Герцен - [3]

Шрифт
Интервал

Точно так же не был он цельным художником. Он в своей беллетристике не священнодействовал, и она у него – такая, для которой специально художником и не надо быть, которая требует лишь общей талантливости и культурного ума. Романист между прочим; создавший Бельтова, покорствуя направлению, едва ли не потому только, что были Онегин и Печорин; своим остроумием пошедший навстречу остроумию Гоголя, Герцен и в этой области не дал себя всего, он и здесь не раскрывает своей многосложной сущности. Разрозненные элементы не слагались в одно целое. Те словесные драгоценности, которые он щедрой рукою рассыпал по своим произведениям, играют и горят; но порою утомительно действуют его чрезмерная, не всегда желанная образность, обилие метафор и обилие острот.
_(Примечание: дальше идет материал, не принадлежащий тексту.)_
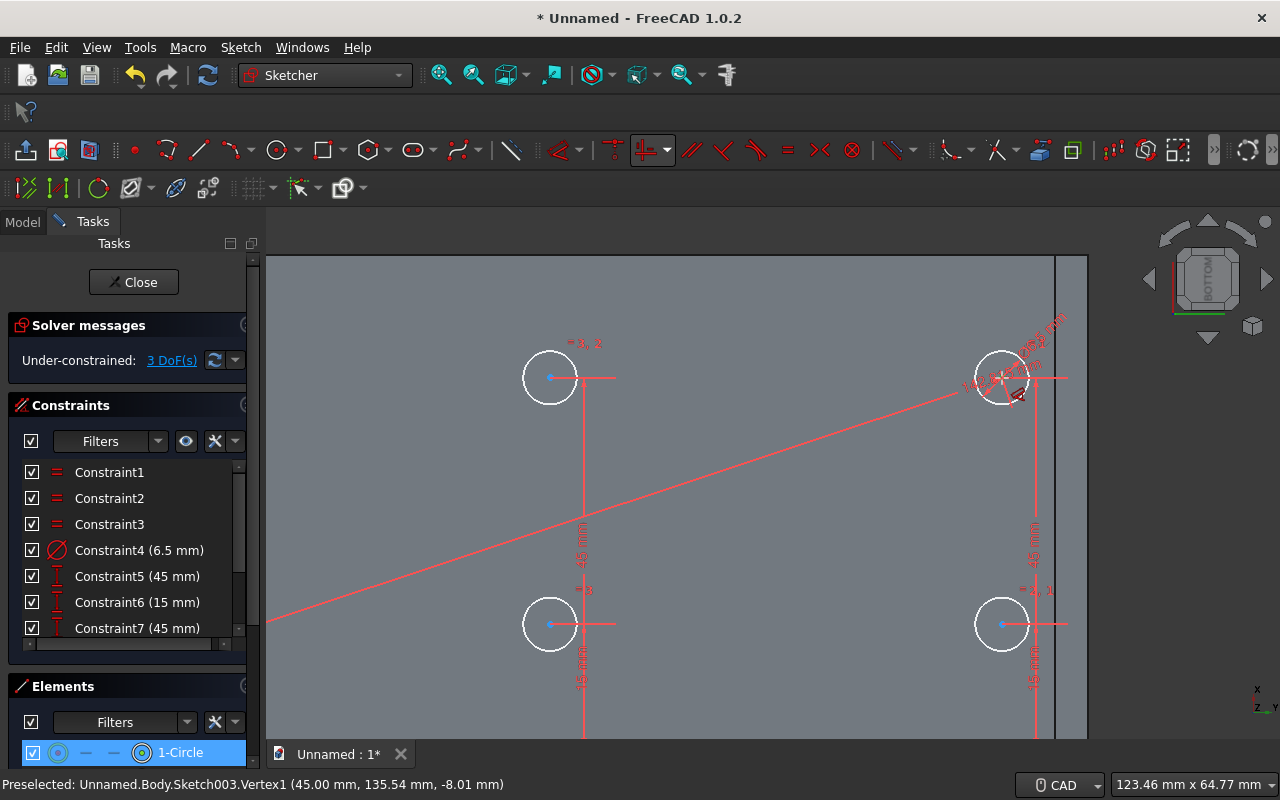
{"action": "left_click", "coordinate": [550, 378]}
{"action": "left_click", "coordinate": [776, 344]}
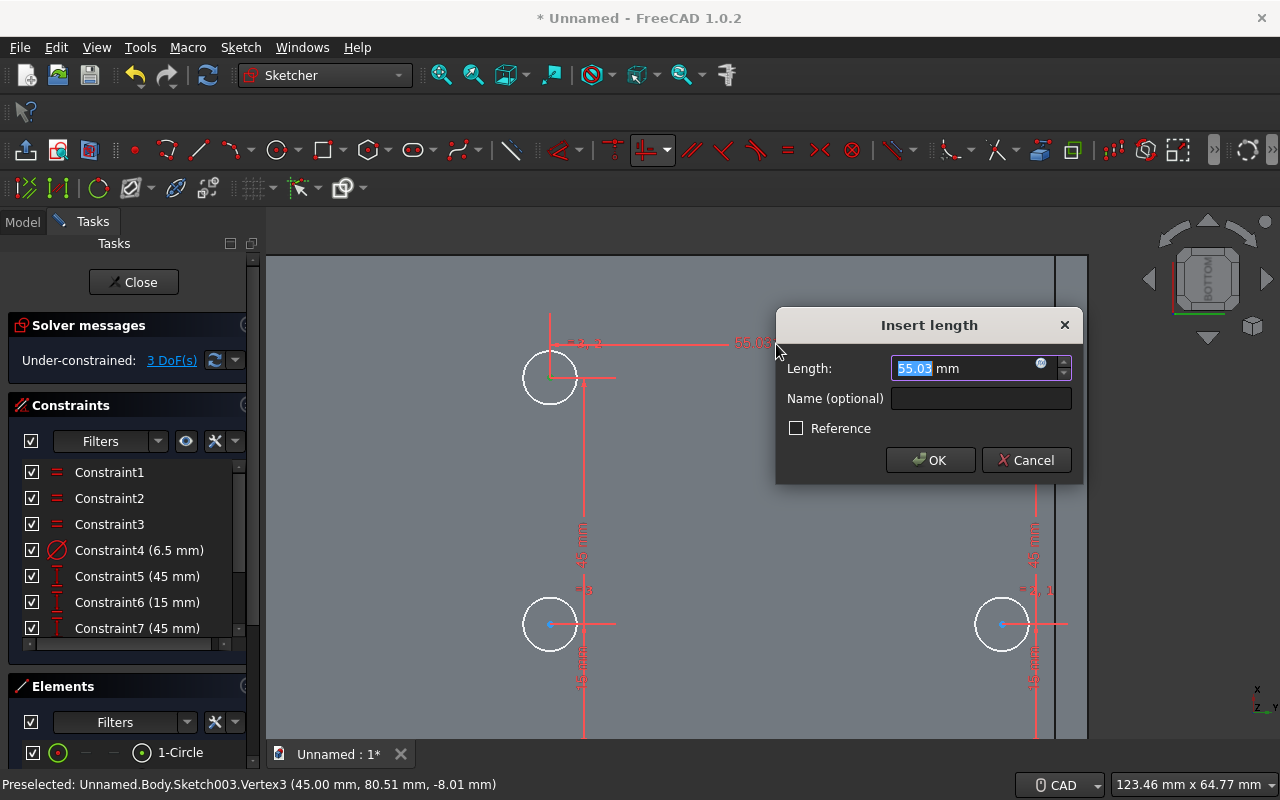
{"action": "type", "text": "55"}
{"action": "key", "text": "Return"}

Он пресыщает блеском. Он слишком охотно внутренним явлениям придает внешние признаки, на каждом шагу конкретизирует отвлеченное, и рядом с образами и сравнениями, которые пленительны по своей поэтичности, он может сказать нечто такое, что болезненно заденет нашу впечатлительность. Из россыпи примеров, какую представляет его творчество, трудно выбирать, – но вот вспомним хотя бы то, как увлекательно говорит он о своих настроениях после 14 декабря: «Время светлых лиц и надежд, светлого смеха и светлых слез кончилось. Порядком понял я это после, но впечатления того времени, переплетаясь с мифическими рассказами 1812 года, составили в моей памяти то золотое поле, на котором еще чернее выходят лики святых». Но он же думает, что мысль о самостоятельной роли человеческой личности в мировом процессе будет яснее, если вычурно написать: «Мы не нитки и не иголки в руках фатума, шьющего пеструю ткань истории». Вкус иногда изменял ему и лукаво уводил от художественной строгости линий. Если красива картина, изображающая природу, которая «тысячи и тысячи лет лежала в каменном обмороке», если так изысканны и изящны эти слова, что море «мерными стопами вовеки нескончаемых гексаметров плещет в пышный карниз Италии», а «спондей английских часов» делит в старых покоях время на части, то не радуют своей ненужной осязательностью выражения вроде того, что «человечество еще долго проходит с воротничками a l'enfant». Вообще, Герцен иногда больше светил, чем грел, и он строил в стиле барокко.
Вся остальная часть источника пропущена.